The intro doc also helped us stop snapshotting huge trees.

Snapshots are fine when the output is intentional, but most of our snapshots were just noise.

Jasper Nguyen
Apr 18, 2023 · 12:55 PM

For derived keys, we treat them as part of the UI contract.

If a derived key affects a badge/count, we assert on the badge/count rather than the key itself.

Owen Price
May 11, 2023 · 03:14 AM

I still use findBy* when I need to wait for something real (like content appearing after a fetch).

But I avoid sleeping/timeout assertions as much as possible.

Nina Kapoor
Jun 24, 2023 · 08:21 PM

One trick: render the current route posture in a visually-hidden element.

Then tests can query it like normal content without relying on classnames.

Benji Rios
Aug 09, 2023 · 07:33 AM

A misunderstanding I see: people treat getByText as the default for everything.

Roles are better when the UI is accessible, and they make tests more resilient.

Amina Farouk
Oct 13, 2023 · 10:05 PM

Docs tie-in: the repo's emphasis on evidence is basically a testing strategy.

Related: Testing and Debugging and Performance and Rendering (Best Practices).

Theo Bennett
Jan 18, 2024 · 03:40 AM

Counterpoint: sometimes tests *should* reach into a contract (like a vault) if it's explicitly part of the app architecture.

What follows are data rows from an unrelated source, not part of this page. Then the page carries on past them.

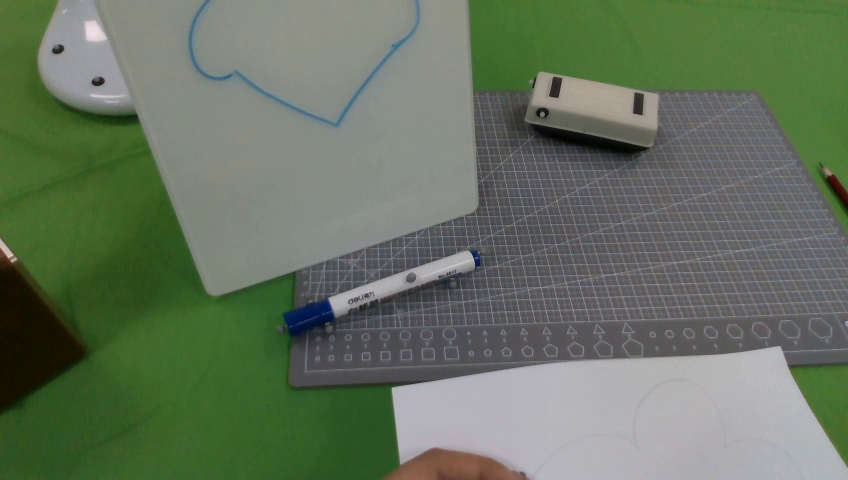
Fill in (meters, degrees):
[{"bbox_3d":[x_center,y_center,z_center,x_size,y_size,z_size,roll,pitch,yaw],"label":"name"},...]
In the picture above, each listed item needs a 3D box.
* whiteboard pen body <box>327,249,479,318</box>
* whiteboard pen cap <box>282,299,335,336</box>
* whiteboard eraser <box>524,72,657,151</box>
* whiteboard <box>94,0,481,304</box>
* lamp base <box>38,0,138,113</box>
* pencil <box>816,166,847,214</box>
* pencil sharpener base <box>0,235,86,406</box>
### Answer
[{"bbox_3d":[-0.025,0.034,0.428,0.141,0.017,0.017,-18,56,-17],"label":"whiteboard pen body"},{"bbox_3d":[-0.078,0.052,0.411,0.033,0.018,0.018,-20,56,-17],"label":"whiteboard pen cap"},{"bbox_3d":[0.150,-0.114,0.544,0.112,0.042,0.055,14,54,6],"label":"whiteboard eraser"},{"bbox_3d":[-0.093,-0.146,0.422,0.217,0.308,0.142,-18,37,-17],"label":"whiteboard"},{"bbox_3d":[-0.277,-0.227,0.510,0.178,0.182,0.160,31,56,21],"label":"lamp base"},{"bbox_3d":[0.374,0.006,0.497,0.012,0.012,0.192,-4,51,-7],"label":"pencil"},{"bbox_3d":[-0.262,0.045,0.350,0.061,0.108,0.076,39,59,22],"label":"pencil sharpener base"}]

We do it rarely, but for some invariants it was the cleanest assertion.

Marisol Vega
Jan 22, 2024 · 07:18 PM

I think that's fine if it's truly a contract and not an implementation detail.

But I still like having a UI evidence line so the same invariant is visible to humans too.

Salma Qureshi
May 20, 2024 · 10:10 AM

If your tests are brittle, it's often because the UI doesn't expose enough intent.

The fix might be better evidence, not more mocks.

Tomas Rivera
Oct 02, 2024 · 04:55 PM

Playwright vs RTL: we do RTL for component-level route posture and Playwright for full route flows.

But both benefit from the same thing: observable state in the UI.

Evan Brooks
Jul 11, 2025 · 04:44 AM

The intro doc is still the best antidote to "test the implementation" habits.

If you can phrase the assertion like a user expectation, it usually survives refactors.